The works of Francis Maitland Balfour, Volume 3 (of 4) - Francis M. Balfour

In the earliest stage it forms a simple bar in the membranous mandibular arch, parallel to and very similar to the hyoid bar behind ([fig. 337], Mn). In the next stage observed, that is to say in Tadpoles of four, five, to six lines long, an astonishing transformation has taken place. The mandibular arch ([fig. 338]) is turned directly forwards parallel to the trabecula, to which it is attached in front (p.pg) and behind (pd). The proximal part of the arch thus forms a subocular bar, and the space between it and the trabecula a subocular fenestra. In front of the anterior attachment it is continued forwards for a short distance, and to the free end of this projecting part is articulated a small Meckelian cartilage directed upwards (mk). The Meckelian cartilage is at this stage placed in front of the nasal sacks, in the lower lip of the suctorial mouth. The greater part of the arch, parallel with the trabeculæ, is equivalent to what has been called in the Axolotl the quadrate, while its anterior attachment to the trabeculæ is the rudiment of the palatopterygoid cartilage. The posterior attachment is known as the pedicle.

Fig. 338. Tadpole of Common Toad, one-third of an inch long; cranial and mandibular cartilages seen from above; the parachordal cartilages are not yet definite. (From Parker.)
nc. notochord; ms. muscular segments; au. auditory capsule; py. region of pituitary body; tr. trabecula; c.tr. cornu trabeculæ; p.pg. palatopterygoid bar; pd. pedicle; q. quadrate condyle; mk. Meckelian piece of mandibular arch; so.f. subocular fenestra; u.l. upper labial cartilage. The dotted circle within the quadrate region indicates the position of the internal nostril.
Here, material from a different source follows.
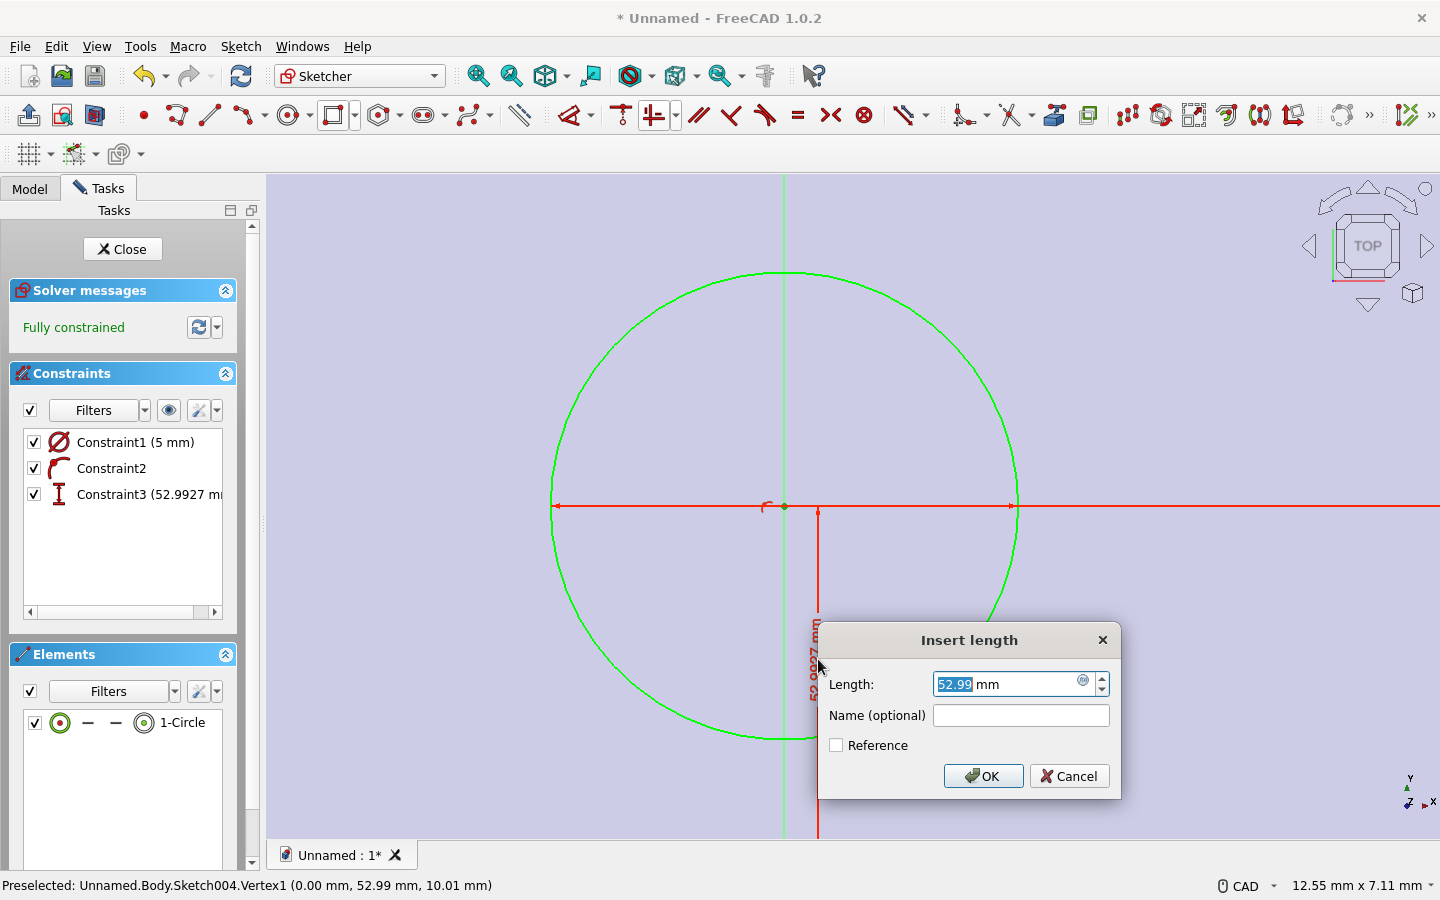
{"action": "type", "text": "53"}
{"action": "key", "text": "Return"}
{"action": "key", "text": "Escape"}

The condition of the mandibular arch during this and the next stage ([fig. 339]) is very perplexing. Its structure appears adapted in some way to support the suctorial mouth of the Tadpole.

Reasons have been offered in a previous part of this volume for supposing that the suctorial mouth of the Tadpole is probably not simply a structure secondarily acquired by this larva, but is an organ inherited from an ancestor provided through life with a suctorial mouth.

The question thus arises, is the peculiar modification of the mandibular arch of the Tadpole an inherited or an acquired feature?

If the first alternative is accepted we should have to admit that the mandibular arch became first of all modified in connection with the suctorial mouth, before it was converted into the jaws of the Gnathostomata; and that the peculiar history of this arch in the Tadpole is a more or less true record of its phylogenetic development. In favour of this view is the striking similarity which Huxley has pointed out between the oral skeleton of the Lamprey and that of the Tadpole; and certain peculiarities of the mandibular arch of Chimæra and the Dipnoi can perhaps best be explained on the supposition that the oral skeleton of these forms has arisen in a manner somewhat similar to that in the Frog; though with reference to this point further developmental data are much required.

On the other hand the above suppositions would necessitate our admitting that a great abbreviation has occurred in the development of the mandibular arch of the otherwise more primitive Urodela; and that the simple mode of growth of the jaws in Elasmobranchii, from the primitive mandibular arch, is phylogenetically a much abbreviated and modified process, instead of being, as usually supposed, a true record of ancestral history.

If the view is accepted that the characters of the mandibular arch of the Tadpole are secondary, it will be necessary to admit that the adaptation of the mandibular arch to the suctorial mouth took place after the suctorial mouth had come to be merely a larval organ.